Mais ce spectacle aura des revers importants. Aucun investisseur, aucun promoteur, aucun citoyen ne fera confiance à la sécurité dans le pays avec cette armée ou cette police anarchique. Il y a de quoi s’inquiéter. Et pourtant, cela dure et dure. Cela fait un mois que l’autre Président est tombé. On pensait alors que la vie reprendrait son cours normal. Mais il faudra patienter.
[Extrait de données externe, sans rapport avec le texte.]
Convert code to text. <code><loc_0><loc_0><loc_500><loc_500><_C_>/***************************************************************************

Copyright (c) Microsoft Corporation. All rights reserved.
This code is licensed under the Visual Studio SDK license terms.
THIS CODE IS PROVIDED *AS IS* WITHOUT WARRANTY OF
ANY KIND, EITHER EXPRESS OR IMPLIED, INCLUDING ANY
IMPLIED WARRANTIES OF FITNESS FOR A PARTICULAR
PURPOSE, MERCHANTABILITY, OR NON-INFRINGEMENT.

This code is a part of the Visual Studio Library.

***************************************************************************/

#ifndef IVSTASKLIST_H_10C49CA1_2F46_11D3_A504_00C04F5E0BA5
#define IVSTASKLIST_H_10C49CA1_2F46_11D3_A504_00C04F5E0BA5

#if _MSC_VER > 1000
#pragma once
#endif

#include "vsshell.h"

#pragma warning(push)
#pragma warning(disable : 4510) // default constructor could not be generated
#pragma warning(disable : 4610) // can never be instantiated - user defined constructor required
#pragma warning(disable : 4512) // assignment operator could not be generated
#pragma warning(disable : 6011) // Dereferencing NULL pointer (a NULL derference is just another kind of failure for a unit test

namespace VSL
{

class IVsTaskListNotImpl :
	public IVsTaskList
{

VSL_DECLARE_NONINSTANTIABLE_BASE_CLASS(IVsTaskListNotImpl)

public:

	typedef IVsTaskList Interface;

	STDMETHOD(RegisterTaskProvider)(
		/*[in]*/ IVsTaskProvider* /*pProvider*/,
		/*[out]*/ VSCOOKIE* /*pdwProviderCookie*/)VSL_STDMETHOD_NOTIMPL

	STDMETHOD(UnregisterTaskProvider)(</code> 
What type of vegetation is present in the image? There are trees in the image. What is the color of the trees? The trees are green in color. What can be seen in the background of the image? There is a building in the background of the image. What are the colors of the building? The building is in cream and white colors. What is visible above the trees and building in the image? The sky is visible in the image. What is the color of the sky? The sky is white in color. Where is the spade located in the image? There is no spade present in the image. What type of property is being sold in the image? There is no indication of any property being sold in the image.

De nombreux communiqués ont instruit les policiers et gendarmes de reprendre leurs postes. Mais rien n’y fait. Quelques téméraires ont répondu à l’appel, mais pas tous. Imaginez la scène : un officier de police se présentant à des jeunes soldats désorganisés et occupant le Commissariat du 22è Arrondissement : « Bonjour, le Gouvernement m’a demandé de venir reprendre mon poste. Je suis le Commissaire de cet arrondissement. Il faut que vous quittiez les lieux ». J’espère pour lui qu’il aura pris soin de se réserver un lit au centre de santé communautaire de Bromakoté, parce que de toute évidence, il sortira de cette scène escamotée.

La bataille d’Abidjan a duré moins de deux semaines. Toutes les forces de sécurité n’ont pu être anéanties. Il faut les rappeler et les mettre à l’ouvre. Il faut pour cela deux éléments : la sécurité (donc que les nouvelles recrues quittent tous les bâtiments des forces de sécurité) et l’équipement (puisque le matériel de transmission, de travail et les armes ont été soit pillés soit volatilisés dans la nature). J’ai entendu dire que le nouveau pouvoir doute encore de la loyauté des policiers et des gendarmes. Mais le désordre de ces nouvelles recrues est encore plus dangereux. Surtout le jour où ces nouveaux soldats revendiqueront leurs récompenses. Il y a plus inquiétant à Mankono, au Sud-Ouest et à l’Ouest, il faut s’ y concentrer.

Il faut agir vite. Avec les pillages, les attaques, l’arbitraire, FRCI risque de finir par vouloir dire désordre. On a presqu’envie de regretter nos policiers-racketteurs. Le nouveau Président avait été ferme les jours qui ont précédé la chute du Commando invisible. Il avait précisé que ne seront intégrés dans les forces nationales que ceux qui étaient dans le processus depuis 2005. Que fera-t-il donc de ces nouveaux combattants qui se sont agglutinés progressivement aux rebelles venant du Nord au fur à mesure de leur progression sur le Palais présidentiel à Cocody et qui ont contribué à assurer sa victoire ? Il faut répondre à cette question et vite, car les habitudes ont la peau dure. Ce que ces jeunes exigeront aujourd’hui pour leur démobilisation sera moins important que ce qu’ils demanderont demain ou le mois prochain. Plus le temps passe, plus il sera difficile de les démobiliser. Les revendications iront crescendo. Ils seront tentés avec le temps qui passe de négocier au prix fort leur démobilisation.

Vous connaissez les «kadogos » ? Ce sont les jeunes soldats qui ont porté Kabila père au pouvoir. Vous connaissez aussi Rachidi ? C’est l’un de ces jeunes soldats qui, dit-on, a été utilisé pour assassiner Laurent Désiré Kabila qu’ils avaient porté au pouvoir. La Côte d’Ivoire n’est pas le Congo, mais la Côte d’Ivoire a quelque chose qui ressemble à chaque pays qui sort de conflit. L’histoire se suit mais ne doit pas se ressembler.

Par ailleurs, il faut mettre de côté la pudeur et constater que la plupart de ces jeunes nouveaux soldats ont une certaine homogénéité régionale. Pour un pays qui sort de conflit politique, social et identitaire, ceci est très dangereux pour le régime et pour ses efforts de recréer une cohésion nationale. Conseil très amical. A méditer.